本作が戯曲の映画化作品である、という事を理解していないと、ジュディ・ガーランドのキャリアの最初と最後の部分だけを描いて、途中を全部すっ飛ばした本作の構成に戸惑うに違いない。『若草の頃』や『イースター・パレード』はもちろん、『スタア誕生』に主演した際のエピソードも描かれず、グラミーの最優秀歌唱賞を受賞するきっかけとなった1961年のカーネギーホールでのライブも省かれている。ジュディ・ガーランドについて何も知らない人が観たら、子役時代に『オズの魔法使い』のドロシー役で当てただけの人だと勘違いするんじゃないだろうか。
要するに、身も心もボロボロになっていたかつての大スターが、死の直前のステージでかつての輝きを取り戻す、という物語を描く為に、本作のジュディ・ガーランドは召喚されているのだ。

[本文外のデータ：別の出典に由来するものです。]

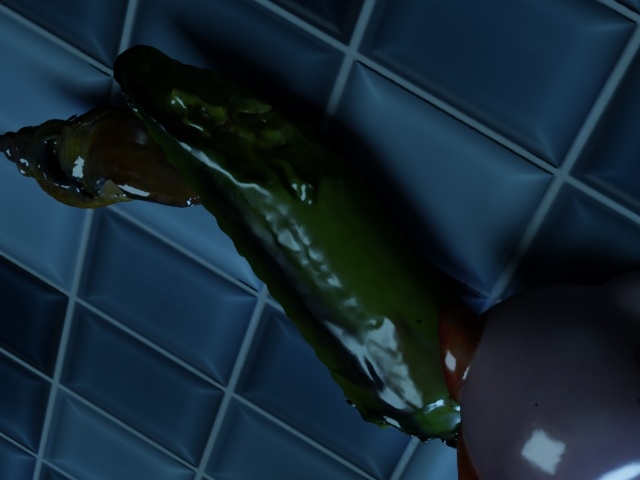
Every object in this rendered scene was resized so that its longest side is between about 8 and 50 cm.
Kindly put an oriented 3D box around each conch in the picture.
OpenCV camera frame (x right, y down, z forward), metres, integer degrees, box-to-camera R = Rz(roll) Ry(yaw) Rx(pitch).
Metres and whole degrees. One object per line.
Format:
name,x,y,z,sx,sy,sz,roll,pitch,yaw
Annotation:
conch,-0.138,-0.063,1.510,0.232,0.086,0.080,2,95,22

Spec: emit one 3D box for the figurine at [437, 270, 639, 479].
figurine,0.176,0.113,1.375,0.173,0.173,0.173,23,144,18

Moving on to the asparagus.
asparagus,0.000,0.000,1.434,0.382,0.108,0.128,52,158,-23
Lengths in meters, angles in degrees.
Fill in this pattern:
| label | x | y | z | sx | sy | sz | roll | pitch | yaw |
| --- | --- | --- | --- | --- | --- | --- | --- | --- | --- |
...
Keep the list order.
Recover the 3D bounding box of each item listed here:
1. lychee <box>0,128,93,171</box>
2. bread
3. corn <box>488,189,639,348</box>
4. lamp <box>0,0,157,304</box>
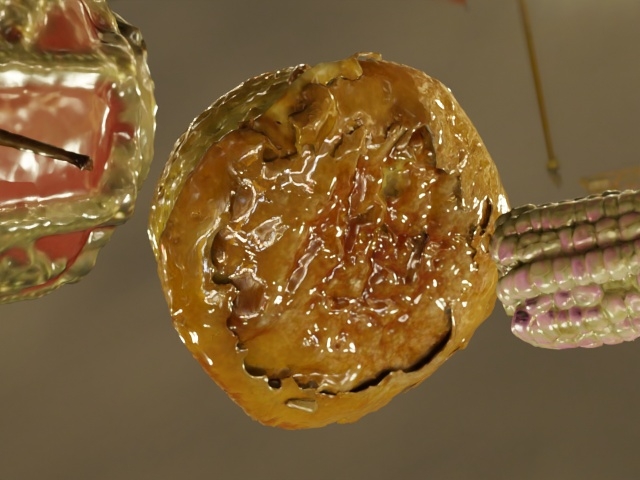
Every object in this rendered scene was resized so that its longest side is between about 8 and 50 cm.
| label | x | y | z | sx | sy | sz | roll | pitch | yaw |
| --- | --- | --- | --- | --- | --- | --- | --- | --- | --- |
| lychee | -0.154 | 0.015 | 0.289 | 0.101 | 0.114 | 0.140 | -25 | -145 | 48 |
| bread | -0.001 | -0.003 | 1.084 | 0.337 | 0.358 | 0.204 | -41 | -144 | -13 |
| corn | 0.283 | 0.010 | 0.837 | 0.335 | 0.126 | 0.126 | -11 | -152 | 35 |
| lamp | -0.198 | -0.046 | 0.462 | 0.177 | 0.177 | 0.274 | 14 | -164 | 43 |
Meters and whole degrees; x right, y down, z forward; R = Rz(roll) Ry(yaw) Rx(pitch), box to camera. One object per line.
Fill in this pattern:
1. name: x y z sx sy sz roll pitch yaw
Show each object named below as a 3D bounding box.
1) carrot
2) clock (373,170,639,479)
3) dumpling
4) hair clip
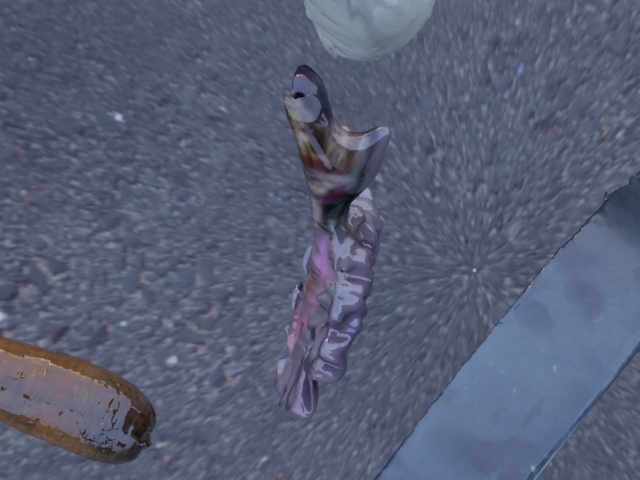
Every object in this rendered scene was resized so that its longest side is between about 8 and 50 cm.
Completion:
1. carrot: -0.195 0.092 0.962 0.186 0.060 0.060 23 91 -8
2. clock: 0.114 0.100 0.858 0.066 0.319 0.319 39 93 13
3. dumpling: 0.050 -0.210 1.152 0.100 0.169 0.134 34 76 26
4. hair clip: 0.007 0.000 1.040 0.069 0.300 0.173 9 53 4
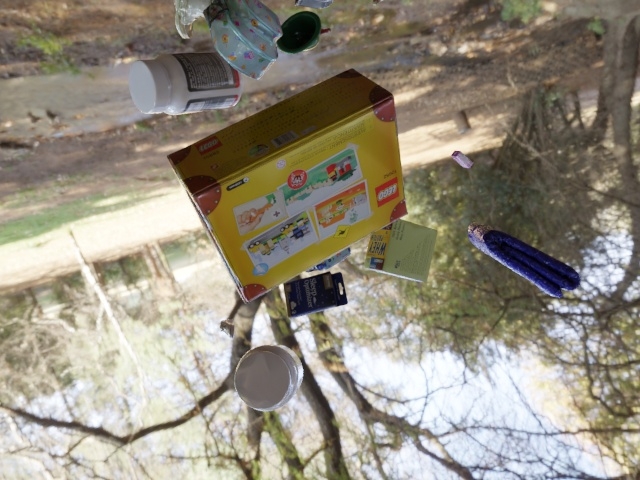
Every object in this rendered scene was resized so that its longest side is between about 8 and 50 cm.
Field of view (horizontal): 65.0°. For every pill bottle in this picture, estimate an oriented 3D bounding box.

『オズの魔法使い』でデビューした頃のエピソードに絞ったのも、彼女の精神を追い詰めた直接的なトラウマとして強調する為に思える。映画の冒頭には、少女時代のジュディがレッスンを受ける姿が描かれるが、『オズの魔法使い』のテーマ曲である「オーバー・ザ・レインボー/虹の彼方に」を歌いだそうとした瞬間に映像がタイトルバックに切り替わり中断されてしまう。30年後、ロンドン公演のステージで彼女は再びこの代表曲を歌い始めるのだが、歌の途中で泣き崩れてしまい最後まで歌いきる事ができない。この2度の中断が示しているのは、過去と現在の間に横たわる断絶である。『オズの魔法使い』のドロシーは、虹の彼方へ辿り着けることを信じる事ができた。しかし、ジュディにとって今やその歌はまるで意味を変えてしまっている。夢と希望に満ちていた過去は既に虹の彼方へと遠く過ぎ去り、いくらもがこうともはや辿り着く事はできないのだ。
と、まあそんな話なのだが、ちょっと勝手過ぎるんじゃないの、というのが正直な感想である。確かに、ジュディ・ガーランドは『オズの魔法使い』やそのテーマ曲に対してアンビバレントな想いを抱いていたかもしれない。けれど、こんな風にトラウマの源泉みたいな描き方をされては、作品もジュディ自身も浮かばれない。あの映画の中でドロシーの歌う場面に皆が感動したのは(もちろん様々な抑圧に苦しめられながらではあるが)、ジュディ自身の歌う喜びや演じる喜びが溢れ出していたからだろう。もちろん、ハリウッドが彼女にした非人間的な振る舞いは許されるべきものではない。それでも、ジュディが失ったものを強調したいばかりに、得た筈のものを描かないのは結局、お仕着せの物語に彼女を押し込めているだけなのではないか。生前のジュディに残酷な仕打ちを続けたハリウッドが、「伝記映画」として、この様な作品を公開した事に二重の罪深さを感じてしまう。
ステージに突っ伏したジュディの代わりに、観客たちが「オーバー・ザ・レインボー/虹の彼方に」を歌い始めるラストシーンは、確かに感動的である。この時、彼女は永遠に失われたと思い込んでいた過去が、観客たちの心の中にしっかりと息づいている事を実感し、救いを見出す。私はこの場面で涙を流しながら、それでもこの歌は最後までジュディ自身が歌うべきだ、と思った。それは彼女だけが歌える、彼女の為だけに存在する歌なのだから。